Abstract: Whey from Edam cheese manufacture was concentrated by ultrafiltration (Concentration factor 20) and Whey Protein Concentrate (WPC) was fractionated into β-lactoglobulin (β-Lg) and α-lactalbumin (αLa) rich fractions by two different methods. The composition, emulsifying capacity and stability and foam capacity and stability of WPC and its fractions were determined. Also, the viscosity of WPC and β-Lg and α-La rich fractions were followed as affected by the addition of different concentrations of NaCl and CaCl2. The results indicated that the yield and composition of the prepared fractions by the two methods were not identical. However, β-Lg fraction showed higher Emulsifying Capacity (EC) followed by (α-La) rich fraction compared with lowest EC for the original WPC solution. On the other hand, emulsion stability of WPC and its fractions was nearly the same. The foaming capacity of WPC, β-Lg and α-La increased slightly with increasing whipping time up to 15 min. α-La rich fraction showed the lowest foam capacity, as compared to β-Lg and WPC. Addition of sodium chloride decreased the viscosity of solutions of WPC and its fractions solutions with a linear relation between the NaCl concentration and the decrease in the viscosity. Addition of NaCl up to 50 mg/100 mL increased slightly the viscosity of β-Lg solution but further increase of NaCl decreased its viscosity. Addition of CaCl2 was found to increase the viscosity of WPC solution reaching a maximum when 60 mg CaCl2/100 mL and then decreased on further increase in the added CaCl2. The viscosity of α-La solutions with different NaCl contents decreased with the increase in temperature. Also, addition of CaCl2 up to 60 mg/100 mL to α-La solution increased its viscosity.
INTRODUCTION
The last two decades have witnessed a growing interest in the use of whey proteins as functional ingredients in a wide range of food products due to their excellent nutritional and health attributes (McIntosch et al., 1998) and their versatile functional properties (Harper, 1991; Korhonen et al., 1998). Recently undenatured whey proteins were reported to enhance of immune statues through intercellular glutathione synthesis (Middleton et al., 2003).

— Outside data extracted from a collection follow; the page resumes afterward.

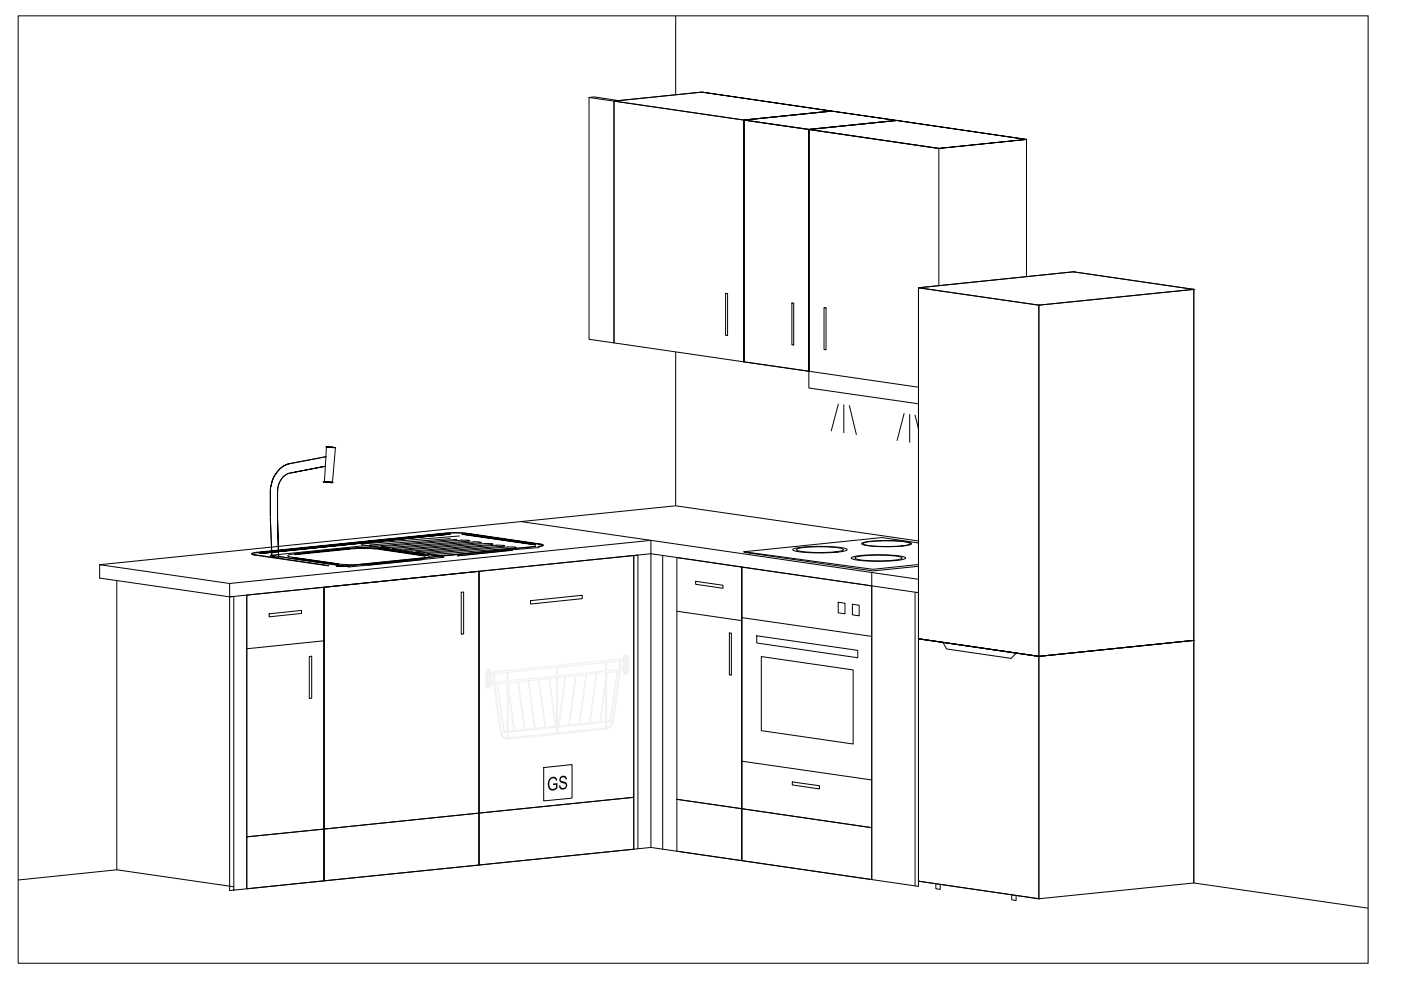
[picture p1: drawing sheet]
<svg xmlns="http://www.w3.org/2000/svg" width="297mm" height="210mm" viewBox="0 0 297 210" stroke-linecap="round" stroke-linejoin="round" font-family="sans-serif">
<defs><g id="words">
<text font-size="4.4" x="116" y="167.7" transform="rotate(-6 116 167.7)">GS</text>
</g></defs>
<!-- layer: 0 -->
<g fill="none" stroke="#000" stroke-width=".21">
<path d="M3.9 3.4h286.2v200.8h-286.2zM143.3 3.4v16.7M124.9 20.7l1.1-.2 5.3 .9M130.2 21.4l-5.3-.7v51.2l5.3 .8M143.3 74.6v32.6M21.1 119.7l89.3-9.1 27.6 4v65.1M110.4 110.6l32.9-3.4 51.4 7.5M140.5 117.8v62.2M24.8 123.1v61.3l24.8 3.6M48.7 123.7l89.3-9.1 56.7 8.2v2.9M157.3 120.2v62.3M184.8 121.4v65.1"/>
<path d="M194 125.6v62.2M194.7 125.7l-56.7-8.3-89.3 9.1-27.6-3.9v-2.9l27.6 4v2.8M194.7 125.7v62.2l-56.7-8.2M68.7 175.8l32.9-3.4v11l-32.9 3.3zM135.3 179.9v-62.2l-.9 .1v62.3M138 179.7l-89.3 9.1v-62.3h.9v62.2M24.8 184.4l-20.9 2.2M101.6 183.4v-62.3l-32.9 3.4v62.2M253.1 187.2l36.9 5.3"/>
</g>
<!-- layer: BASE -->
<g fill="none" stroke="#000" stroke-width=".21">
<path d="M59.1 99.6l1.1-.9 1.2-.4a6.1 6.1 0 0 0-4.1 6.1 6.7 6.7 0 0 1 1.8-4.8zM69 98.9l-7.5 1.4 7.5-1.4M69.1 94.8l2.1 .1zM69.1 96.8l-7.7 1.5M70.5 94.8h-1.4h.7M54.4 117.1l41.8-4.2 2.6 .1 15.7 2.3-15.7-2.2-3.2-.1zM54.9 117.3l40.5-4.1-40.4 4.1M57.3 109.3v-4.9v5.6l.4 8.3M57.4 117.7l.9 .2M58.3 117.9l1.1 .1M58.3 117.9l-.9 .1 .7 .1 1.3-.1M59.1 118.1l-.3-8.3 .3 8.3"/>
<path d="M59.4 118l12.7 1.9M61.5 100.3a3.8 3.8 0 0 0-2.7 3.9v5.6M61.9 118.3l9.8 1.3v.2l-9.8-1.4M62 118.2l10.3 1.4 2.4 .2 3.2-.2 11.6-1.1M62 118.2l9.8 1.4-9.8-1.3M62.5 117.5l11.6-1.2v.1l-11.6 1.2zM62.6 117.4l11.6-1.2zM68.5 102.1l2.1 .2zM68.7 102.2l1.7 .1zM69.7 119.9l-16-2.2-.4-.3 1.1-.3-1.1 .3 .8 .3 15.6 2.3M72.1 119.9h1.1l.1 .2M72.1 119.9l-.8 .1 2 .1"/>
<path d="M74.1 116.3l4.1-.1 1.9 .1h.3v.2l-1.7-.2-4.6 .1zM76.6 115.5l17.5 2.6-19.9 2.1-.9-.1M78.4 115.8h-1.6l-19.4 1.9 .9 .2M80.3 116.3l9.7 1.5zM80.4 116.3l9.7 1.5v.1l-9.7-1.4zM89.5 118.5l-11.6 1.2M89.6 118.7l-11.6 1.2v-.2M90 117.7l.9 .2 .2 .2-1.6 .4M90 117.7l-9.7-1.4a28.1 28.1 0 0 0-6.1-.1l-11.6 1.2-1.6 .4a.99 .99 0 0 0 1 .4M90.8 117.7h.1M94.3 117.7h.1M95.5 114.2l-17.3 1.4 1.8 .2 16.9-1.4"/>
<path d="M97.5 113.6l-20.7 1.7M97.8 114.5l1.8 .2h-.4M97.9 114.5l-17.2 1.5 1.8 .1 16.8-1.4M98 113.2l15.6 2.3-15.6-2.2M100.3 114.9l1.8 .1-.4 .1M100.4 114.9l-17.2 1.4 1.8 .2 16.8-1.4M102.7 115.2l1.8 .2-.4 .1M102.9 115.2l-17.3 1.5 1.8 .1 16.9-1.3M105.2 115.6h1.6l.2 .2h-.4M105.3 115.6l-17.2 1.4 1.4 .2 17.2-1.4M107.7 116l1.8 .1-.4 .1M107.8 116l-17.2 1.4 1.8 .1 16.8-1.3"/>
<path d="M108.5 116.6v.1l-11.6 1.2M108.6 116.8v-.2l-11.6 1.2M113.4 115.8h.2l-40.2 4.1M113.4 115.9h.1l-40.2 4.1M114.3 116.1l-20.7 1.7-1.7-.1M114.5 115.3l.7 .4-1.1 .2 1.1-.3zM159 117.3l26.1 3.7 9.6-.9M168.2 116.4a29.4 29.4 0 0 1 11.3 0l.1 .1a7.2 7.2 0 0 1-3.8 .7 28.6 28.6 0 0 1-7.6-.5l-.1-.1zM168.9 116.4a25 25 0 0 1 9.8 0l.2 .1a6.5 6.5 0 0 1-3.6 .6 22.4 22.4 0 0 1-6.3-.4l-.2-.1zM180.6 118.2a29.4 29.4 0 0 1 11.3-.1l.1 .2a7.2 7.2 0 0 1-3.8 .7 28.6 28.6 0 0 1-7.6-.5l-.1-.2zM181.3 118.2a25 25 0 0 1 9.8 0l.2 .1a6.5 6.5 0 0 1-3.6 .6 22.4 22.4 0 0 1-6.3-.4l-.2-.2zM182.8 115.1a26.5 26.5 0 0 1 10.3 0l.2 .2a6.5 6.5 0 0 1-3.5 .6 25.7 25.7 0 0 1-7-.5l-.1-.1z"/>
<path d="M183.1 115.1a25 25 0 0 1 9.8 0l.1 .2a6.5 6.5 0 0 1-3.5 .6 22.4 22.4 0 0 1-6.4-.5l-.1-.1zM187 114l-29.3 3 27.4 3.7 9.6-1M68.7 124.5l32.9-3.4v51.3l-32.9 3.4zM73.3 120.1l.9 .1M97.8 125.6l.5-.1v8.9l-.5 .1zM157.3 120.2l27.5 4v51.3l-27.5-4zM157.3 131l27.5 3.9M160.4 134.8l21.5 3.1v1.6l-21.5-3.2zM161.4 139.2l19.5 2.8v15.7l-19.5-2.8zM177.7 127.7l1.5 .2v2.2l-1.5-.2zM180.7 128.1l1.5 .2v2.3l-1.5-.2zM157.3 171.5l27.5 4v11l-27.5-4z"/>
<path d="M157.3 161.4l27.5 4M168 165.8l5.7 .8v.7l-5.7-.9z"/>
</g>
<!-- layer: BOTTOM - 300 -->
<path d="M143.5 118.2l13.8 2v51.3l-13.8-2zM52.3 126.2l16.4-1.7v51.3l-16.4 1.6zM52.3 126.2v62.2M57.1 130.1l6.8-.7v.7l-6.8 .7zM65.6 139.2l.5-.1v8.9l-.5 .1zM68.7 135.9l-16.4 1.7M68.7 124.5v62.2M143.5 129.6l13.8 2M147.5 123.2l5.8 .9v.6l-5.8-.8zM154.6 134.2l.5 .1v8.8h-.5zM52.3 177.4l16.4-1.6v10.9l-16.4 1.7zM143.5 169.5l13.8 2v11l-13.8-2z" fill="none" stroke="#000" stroke-width=".21"/>
<!-- layer: DISHWASHER -->
<g fill="none" stroke="#f0f0f0" stroke-width=".21">
<path d="M131.6 139.8h.1M131.6 139.8l-27 2.8M131.6 139.8v.3M132.2 139.7h.1M132.2 139.3h.1M132.2 139.7l-.6 .1M132.4 139h-.1M132.4 139l-.2 .2v1.6l.3-.1M132.5 138.9l-.1 .1M132.5 138.9v1.8M132.7 138.9h.1M132.7 138.9l.3 .2v1.6h-.3"/>
<path d="M132.7 138.9h-.2M132.7 138.9v1.8M132.9 139h.1M133 139.6h.1M133 139.9h.1M133 139.2h.1M133.1 139.7h.1M133.2 139.6h.1M133.2 139.6v2.5M133.2 139.6l-.2 .2M103 142.7h.1M103 145.2h.1"/>
<path d="M103 142.7v2.5M103.1 142.7h.1M103.1 142.7l.1 .2M103.1 145.1h.1M103.1 142.8h.1M103.2 145h.1M103.2 144.9h.1M103.2 142.7h.1M103.2 143h.1M103.2 145.2h.1M103.2 142.3h.1M103.2 143.4h.1"/>
<path d="M103.2 144.5h.1M103.2 145.6h.1M103.2 143.5l.1 .1M103.2 145l-.2 .2M103.3 143.6l.2 .1M103.3 143.6h.1M103.3 144.2v.1M103.3 145.8h.1M103.3 141.9l-.1 .2v1.6h.3M103.3 144.1l-.1 .2M103.3 145.9h.1M103.3 144.1h.1"/>
<path d="M103.4 144.1h.4l.1 .2M103.4 145.9h.1M103.4 141.9h.1M103.5 143.7h.1M103.5 141.9h.1M103.5 144.1h.1M103.5 145.9h.1M103.5 141.9h-.2M103.5 144.1h-.3v1.6l.2 .2M103.5 141.9v1.8M103.5 144.1v1.8M103.6 141.8l.3 .3v1.6h-.3"/>
<path d="M103.6 141.8l-.1 .1M103.6 143.7h-.1M103.6 145.9h-.1M103.6 141.8v1.9M103.6 144.1v1.8M103.7 144.1l.2-.1v1.7M103.8 143.7h.1M103.8 143.7h-.1M103.8 145.9h-.1M103.8 141.9h.1M103.8 145.9h-.2M103.9 145.7h.1"/>
<path d="M103.9 144.8h.1M103.9 145.1h.1M103.9 142.6h.1M103.9 142.9h.1M103.9 145.7l-.1 .2M103.9 143.3h.1M103.9 142.2h.1M103.9 145.5h.1M103.9 144.4h.1M103.9 143.4l-.1 .3M104 143h.2v1.6l-.3 .1M104 143l-.1 .1"/>
<path d="M104.1 142.9l-.1 .1M104.1 143h.1M104.6 145h.1M104.6 142.8h.1M104.6 142.6v2.4M104.6 145h.3M104.6 142.8h.3M104.6 142.6h-.7M104.6 142.8l-.7 .1M104.6 145l-.7 .1M104.6 142.5h.1M104.6 144.7h.1"/>
<path d="M104.6 145l1.5 10.3a1.61 1.61 0 0 0 1.6 1.4M104.7 144.7h.1M104.7 142.9h.1M104.8 144.7l-.9 .1M104.9 144.6h.1M104.9 142.8h.1M104.9 142.8v1.8M104.9 145l1.4 10.2M105.4 145h-.5M105.4 145h.1M105.4 145l1.4 10.1M105.5 145l1.4 10.1"/>
<path d="M106.3 155.2v.2M106.3 155.4a1.36 1.36 0 0 0 1.3 1M106.8 155.1v.1M106.8 155.1l-.5 .1M106.9 155.1h.1M107.5 144.8h.3M107.5 142.6h.1M107.5 142.6v1.8M107.5 144.8l.1 11.9M107.5 144.4h.1M107.5 155l-.6 .1M107.5 155h.1"/>
<path d="M107.5 155.3l-1.2 .1M107.5 155.3h.1M107.5 144.8l-2 .2M107.5 144.4l-2.6 .2M107.5 142.6l-2.6 .2M107.6 156.7h.1M107.6 156.6v.1M107.7 156.7h.1M107.8 156.6h.1M107.8 156.4h.1M107.8 155h.1M107.8 155.3h.1"/>
<path d="M107.8 142.6v1.7M107.8 144.8l-.1 11.9M107.8 156.6l-.1 .1M107.8 144.3l-.1 .1M107.8 146.1l1.2 8.8-1.2 .1M107.8 145.3l1.3 9.6M107.8 142.6h-.1M109 154.9h.1M109.1 154.9h.1M109.8 144.6l-2 .2M109.8 144.6l1.4 10.1M109.9 144.5l1.4 10.2"/>
<path d="M109.9 144.5l-.1 .1M111.2 154.7h.1M111.2 154.7l-2.1 .2M111.3 154.7h.1M112 144.3l-2.1 .2M112 144.3h.1M112 144.3l1.4 10.1M112.1 144.3l1.4 10.1M113.4 154.4l-2.1 .3M113.4 154.4v.1M113.5 154.4h.1M114.2 144.1l-2.1 .2"/>
<path d="M114.2 144.1h.1M114.2 144.1l1.4 10.1M114.3 144.1l1.4 10.1M115.6 154.2h.1M115.6 154.2l-2.1 .2M115.7 154.2h.1M116.4 143.9l-2.1 .2M116.4 143.9l1.4 10.1M116.5 143.9l1.5 10.1M116.5 143.9h-.1M117.8 154h.1M117.8 154l-2.1 .2"/>
<path d="M117.9 154h.1M118 154h.1M118 154.2h.1M118 143.7v11.9l.1 .1M118 141.5v1.8M118 143.3h.1M118 154.2l-10.2 1.1M118 155.4l-10.2 1M118 143.7l-1.5 .2M118 143.3l-10.2 1M118 141.5h.1M118 141.5l-10.2 1.1"/>
<path d="M118.1 155.7h.1M118.2 155.6h.1M118.2 141.5h.1M118.2 143.3h.1M118.2 155.5h.1M118.2 155.4h.1M118.2 154.2h.1M118.2 154h.1M118.2 143.7l-.1 12M118.2 141.5v1.8M118.2 143.7h-.2M118.4 153.9v.1"/>
<path d="M118.4 153.9l-.2 .1M118.5 153.9h.1M119.8 143.5l-1.6 .2M119.8 143.5l-1.4 10.4M119.8 143.5h.1M119.9 143.5l-1.4 10.4M120.6 153.7h.1M120.6 153.7l-2.1 .2M120.7 153.7h.1M122 143.3l-2.1 .2M122 143.3h.1M122 143.3l-1.4 10.4"/>
<path d="M122.1 143.3l-1.4 10.4M122.8 153.5h.1M122.8 153.5l-2.1 .2M122.9 153.5h.1M124.2 143.1l-2.1 .2M124.2 143.1l-1.4 10.4M124.2 143.1h.1M124.3 143.1l-1.4 10.4M125 153.3h.1M125 153.3l-2.1 .2M125.1 153.3h.1M126.4 142.8l-2.1 .3"/>
<path d="M126.4 142.8l-1.4 10.5M126.4 142.8h.1M126.5 142.8l-1.4 10.5M127.2 153h.1M127.2 153l-2.1 .3M127.3 153h.1M128.4 140.5v1.8M128.4 142.7v11.8M128.4 154.5h.1M128.4 142.7l-1.9 .1M128.4 140.5l-10.2 1M128.4 142.3l-10.2 1"/>
<path d="M128.4 154.5l.2 .1M128.4 154.4v.1M128.4 154.3l-10.2 1.1M128.4 152.9l-1.1 .1M128.4 153.1l-10.2 1.1M128.4 144l-1.2 9M128.4 144.8l-1.1 8.2M128.5 142.2l-.1 .1M128.5 140.4l-.1 .1M128.5 154.6h.1M128.5 154.6l-20.8 2.1M128.6 140.4h.1"/>
<path d="M128.6 142.2h.1M128.6 154.6h.1M128.7 154.3h.1M128.7 153.1h.1M128.7 143.2h.1M128.7 142.6l-.1 12M128.7 140.4v1.8M128.7 142.6h.1M128.7 142.6l-.3 .1M128.7 142.6v.6M129.4 152.8h.1M129.4 152.8l-.7 .1"/>
<path d="M129.5 152.8h.1M129.8 153v.3a1.4 1.4 0 0 1-1.1 1M129.8 153l-1.1 .1M129.9 152.8h-.4M129.9 152.8l-.1 .2M130.8 142.4l-2.1 .2M130.8 142.4l-1.4 10.4M130.8 142.4h.1M130.9 142.4l-1.4 10.4M131.3 142.4l-1.4 10.4M131.3 142.4h-.4M131.3 142h.2"/>
<path d="M131.3 140.2v1.8M131.3 142l-2.6 .2M131.3 140.2l-2.6 .2M131.4 141.9h.1M131.4 140.1h.1M131.5 142h.1M131.5 142.3h.1M131.5 140.1h.1M131.5 142.3l-1.4 10.6a2.05 2.05 0 0 1-1.5 1.7M131.5 140.1v1.9M131.6 140.1h.1M131.6 142h.1"/>
<path d="M131.6 142v.3l-.3 .1M131.6 140.1l-.3 .1M132 141.8h.1M132.2 140h.1M132.2 140.4h.1M132.2 141.9h.1M132.2 142.2h.1M132.2 141.5h.1M132.2 142.6h.1M132.2 140.5l.2 .2 .5-.1M132.2 140.1l-.2 .1v1.6l.2-.1M132.2 140l-.6 .1"/>
<path d="M132.2 141.9l-.6 .1M132.2 142.2l-.6 .1M132.3 142.8h.1M132.3 140.6h.1M132.3 142.9h.1M132.4 141.2l-.2 .2M132.5 141.1l-.2 .2M132.5 142.9v.1M132.5 141.1h-.3v1.6l.3 .3M132.5 141.1v1.9M132.7 140.7h.1M132.7 142.9h.1"/>
<path d="M132.7 141.1h.1M132.7 141.1l.3 .2M132.7 141.1h.3l-.1 1.6M132.7 141.1h-.2M132.7 142.9l-.2 .1M132.7 141.1v1.8M132.8 142.9h.1M132.9 141.2h.1M132.9 140.6h.1M132.9 142.8h.1M132.9 140.5v.1M132.9 142.7v.1"/>
<path d="M132.9 142.8l-.2 .1M133 140.3h.1M133 142.1h.1M133 141.8h.1M133 142.6h.1M133 141.4h.1M133 140.5l-.1 .1M133 141.9v.1M133 142l.1 .1M133.1 142.1h.1M133.2 142.1h.1"/>
</g>
<path d="M101.6 121.1l32.8-3.3v51.3l-32.8 3.3zM112.5 127.4l10.9-1.2v.7l-10.9 1.2zM101.6 172.4l32.8-3.3v11l-32.8 3.3zM115.3 162.7l6-.6v7.1l-6 .6z" fill="none" stroke="#000" stroke-width=".21"/>
<!-- layer: REFRIGERATOR -->
<path d="M194.7 135.4l25.6 3.8M199.9 136.2l.8 1.4 13.6 2 1.2-1.2M198.4 187.4v1l.9 .2v-1.1M214.5 189.7v1.1l.9 .1v-1.1" fill="none" stroke="#000" stroke-width=".21"/>
<!-- layer: TOP - 600_1 -->
<g fill="none" stroke="#000" stroke-width=".21">
<path d="M130.2 21.4l27.5 4.1v51.2l-27.5-4zM157.7 25.5l13.8 1.9v51.3l-13.8-2zM176.3 23.6l-18.6 1.9v51.2M176.3 23.6l13.8 1.9-18.6 1.9-13.8-1.9 18.6-1.9 13.8 1.9M176.3 23.6l-27.5-4.1-18.6 1.9 27.5 4.1 18.6-1.9-27.5-4.1-18.6 1.9v51.3M190.1 25.5l-18.6 1.9v51.3M190.1 25.5l27.5 4.1-27.5-4.1-18.6 1.9 27.6 4.1 18.5-1.9-18.5 1.9M217.6 29.6v29M227.6 57.6h.1M227.6 57.6l-32.9 3.4v74.4l25.6 3.8 32.8-3.4M227.6 57.6l25.5 3.8v74.4M194.7 61l32.9-3.4 25.5 3.8-32.8 3.3z"/>
<path d="M194.7 61l25.6 3.7v74.5l-25.6-3.8zM194.7 61h.1M199.1 60.6v-29.1l-27.6-4.1v51.3l23.2 3.4M220.3 64.7l32.8-3.3v74.4l-32.8 3.4zM220.3 64.7h.1M253.1 61.4h.1M194.7 135.4l25.6 3.8 32.8-3.4M194.7 135.4l25.6 3.8v51.4l-25.6-3.8zM194.7 135.4h.1M194.7 135.4v51.4M220.3 139.2h.1M220.3 139.2l32.8-3.4v51.4l-32.8 3.4z"/>
<path d="M253.1 135.8v51.4M194.7 186.8h.1M194.7 186.8l25.6 3.8M220.3 190.6h.1"/>
</g>
<!-- layer: ASPIRATOR -->
<path d="M199.1 31.5l-27.6-4.1v54.9l23.2 3.3M69.2 94.7l-.4 7.5M71.1 94.9l-.6 7.4M177.8 85.7l-1.6 5.7M178.9 85.8v6M180.1 86l1.5 6.1M191.7 87.7l-1.5 5.7M192.9 87.9v5.9M194 88l.8 3.1M157.7 117l1.3 .3M187 114l7.7 1.1" fill="none" stroke="#000" stroke-width=".21"/>
<!-- layer: TOP - 300 -->
<path d="M157.7 25.5l13.8 1.9v51.3l-13.8-2z" fill="none" stroke="#000" stroke-width=".21"/>
<!-- layer: BOTTOM - 600_1 -->
<path d="M153.8 62.2h.5v8.9h-.5zM167.9 64.2l.4 .1v8.9l-.4-.1zM174.7 65.2l.4 .1v8.9l-.4-.1z" fill="none" stroke="#000" stroke-width=".21"/>
<use href="#words"/>
</svg>

Out of the different whey protein products, Whey Protein Concentrates (WPC) is the most widely utilized product nowadays. Ji and Haque (2003) found that the emulsion stability of WPC solutions was significantly different based on the source of whey. Also, Onwulata et al. (2004) reported that variations in the functionality of WPC from different manufacturers can be minimized by reducing their particle size distribution within a narrow range. The variability in the functional properties of the commercially available WPC is a limiting factor in their potential applications. Emulsifying properties of whey protein concentrate was greatly affected by the changes in pH and heat treatment before ultrafiltration (Fachin and Viotto, 2005). Recently, Dickinson and Parkinson (2004) and Parkinson and Dickinson (2004) showed that very small amounts of casein were able to exert a protective stabilizing effect on whey protein-stabilized emulsions when subjected to thermal treatment (e.g., at 90°C for 3 min). Effect of purified β-lactoglobulin and purified α-lactalbumin or mixture of purified β-Lg and α-La on the rheological properties of acid skim milk gels has been done (Bikker and Anema, 2003). The synergistic effect by which a very small amount of casein can confer stability to a whey protein-stabilized emulsion heated to 90°C has been studied by Parkinson and Dickinson (2007).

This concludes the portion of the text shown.